ASSIGNMENT: Among the entries that follow, locate the line with "#3 camera [22,159,397,516]" and the line with "- laptop <box>0,163,324,605</box>". Output those lines and all lines in between, exactly, minus the pictures.

MATERIAL PROVIDED:
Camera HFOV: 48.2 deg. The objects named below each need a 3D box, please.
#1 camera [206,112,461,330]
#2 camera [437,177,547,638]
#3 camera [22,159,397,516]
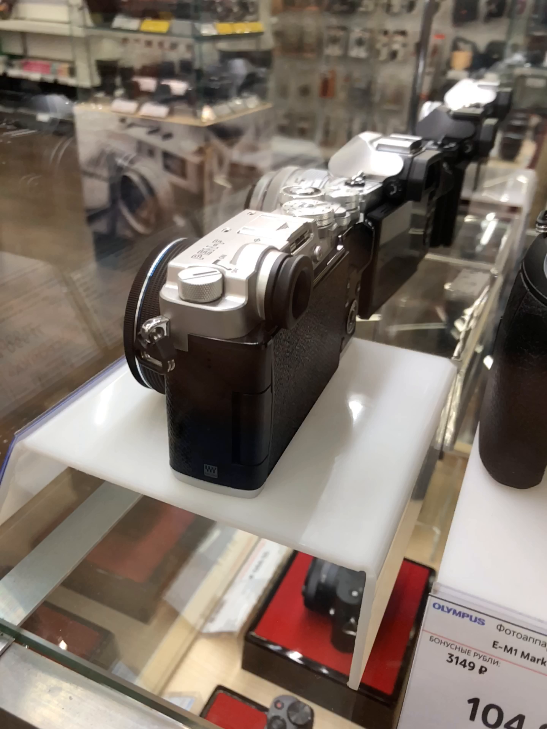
[{"bbox_3d":[0.038,-0.090,0.347,0.099,0.075,0.128,16,33,20],"label":"camera"},{"bbox_3d":[0.128,0.000,0.184,0.127,0.075,0.084,15,33,19],"label":"camera"},{"bbox_3d":[-0.012,-0.023,0.227,0.076,0.070,0.128,15,33,19],"label":"camera"}]
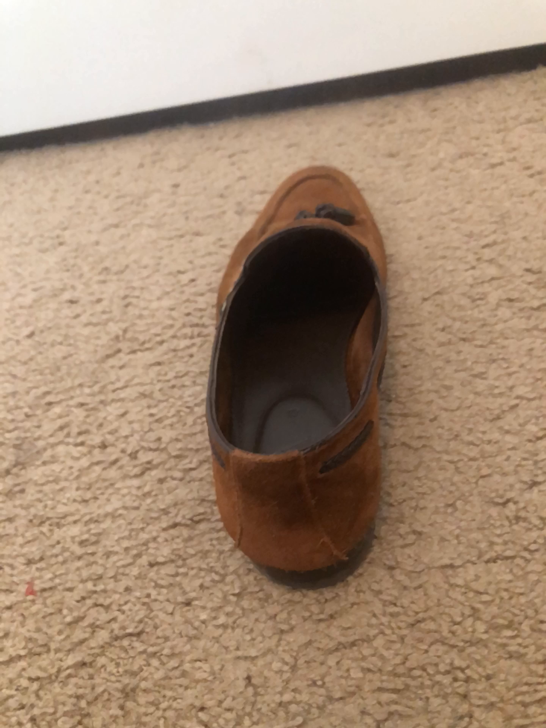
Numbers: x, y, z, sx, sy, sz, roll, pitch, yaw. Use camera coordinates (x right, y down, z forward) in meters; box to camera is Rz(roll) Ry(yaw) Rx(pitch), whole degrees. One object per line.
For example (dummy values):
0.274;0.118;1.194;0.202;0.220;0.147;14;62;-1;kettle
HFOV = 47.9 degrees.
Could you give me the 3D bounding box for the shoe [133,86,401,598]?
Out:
0.013;-0.035;0.345;0.090;0.100;0.293;-5;47;11;shoe
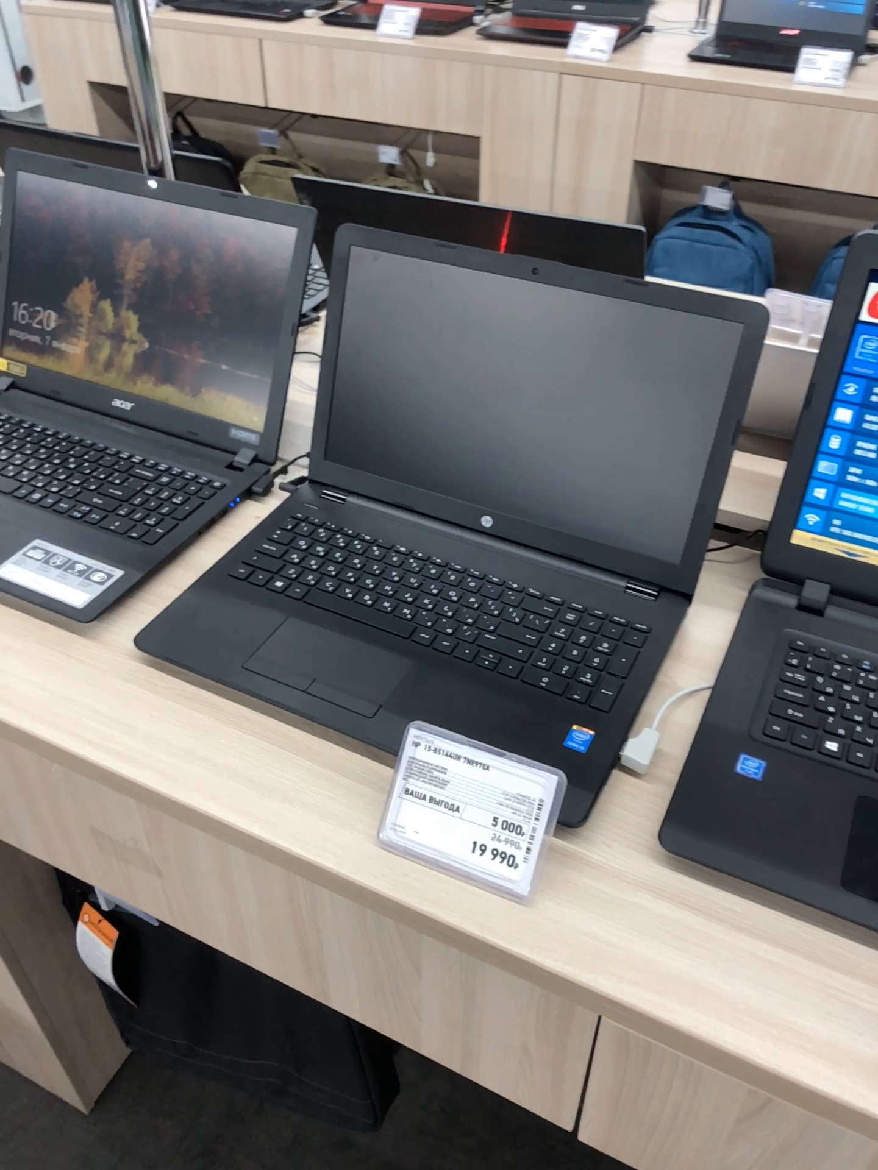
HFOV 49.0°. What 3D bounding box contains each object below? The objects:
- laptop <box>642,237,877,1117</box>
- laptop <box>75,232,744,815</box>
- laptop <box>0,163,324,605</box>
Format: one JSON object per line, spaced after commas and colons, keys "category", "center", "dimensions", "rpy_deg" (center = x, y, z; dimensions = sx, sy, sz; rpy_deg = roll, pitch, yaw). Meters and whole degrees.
{"category": "laptop", "center": [0.406, 0.002, 0.604], "dimensions": [0.396, 0.267, 0.396], "rpy_deg": [18, 42, 22]}
{"category": "laptop", "center": [-0.005, -0.083, 0.760], "dimensions": [0.377, 0.215, 0.335], "rpy_deg": [17, 44, 21]}
{"category": "laptop", "center": [-0.378, -0.214, 0.914], "dimensions": [0.359, 0.226, 0.351], "rpy_deg": [18, 42, 20]}
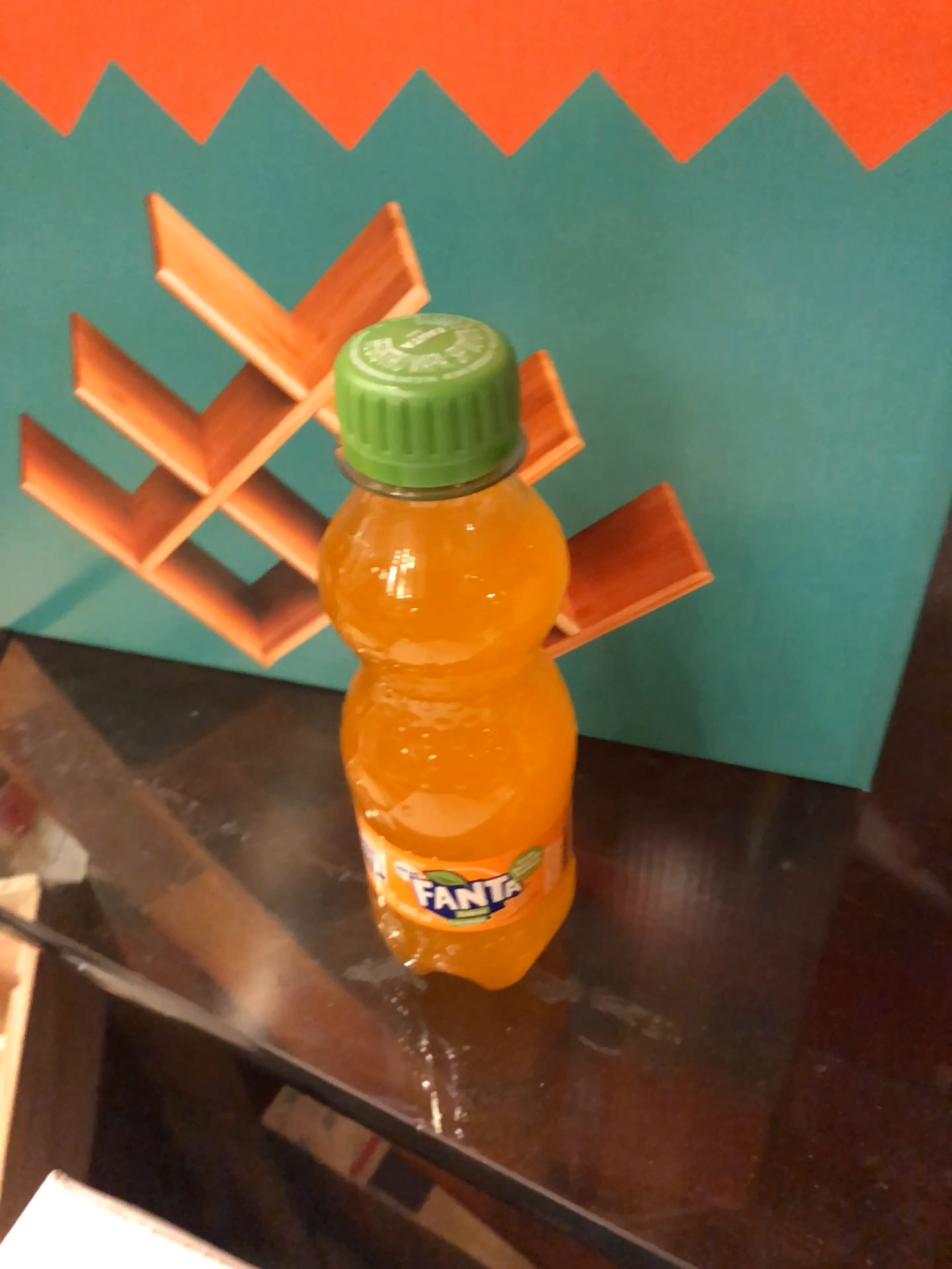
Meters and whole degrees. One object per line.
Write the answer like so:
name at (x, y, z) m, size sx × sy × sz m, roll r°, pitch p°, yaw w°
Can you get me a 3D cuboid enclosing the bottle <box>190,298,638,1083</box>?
bottle at (0.000, 0.021, 0.215) m, size 0.060 × 0.159 × 0.060 m, roll -3°, pitch 41°, yaw 3°

RESULT:
#3 camera [22,159,397,516]
[{"bbox_3d":[0.038,-0.090,0.347,0.099,0.075,0.128,16,33,20],"label":"camera"},{"bbox_3d":[0.128,0.000,0.184,0.127,0.075,0.084,15,33,19],"label":"camera"},{"bbox_3d":[-0.012,-0.023,0.227,0.076,0.070,0.128,15,33,19],"label":"camera"}]
Numbers: x, y, z, sx, sy, sz, roll, pitch, yaw. Use camera coordinates (x right, y down, z forward) in meters; box to camera is Rz(roll) Ry(yaw) Rx(pitch), whole degrees. One object per line.
For example (dummy values):
0.274;0.118;1.194;0.202;0.220;0.147;14;62;-1;kettle
HFOV = 47.9 degrees.
Could you give me the 3D bounding box for the shoe [133,86,401,598]?
Out:
0.013;-0.035;0.345;0.090;0.100;0.293;-5;47;11;shoe
HFOV 49.0°. What 3D bounding box contains each object below? The objects:
- laptop <box>642,237,877,1117</box>
- laptop <box>75,232,744,815</box>
- laptop <box>0,163,324,605</box>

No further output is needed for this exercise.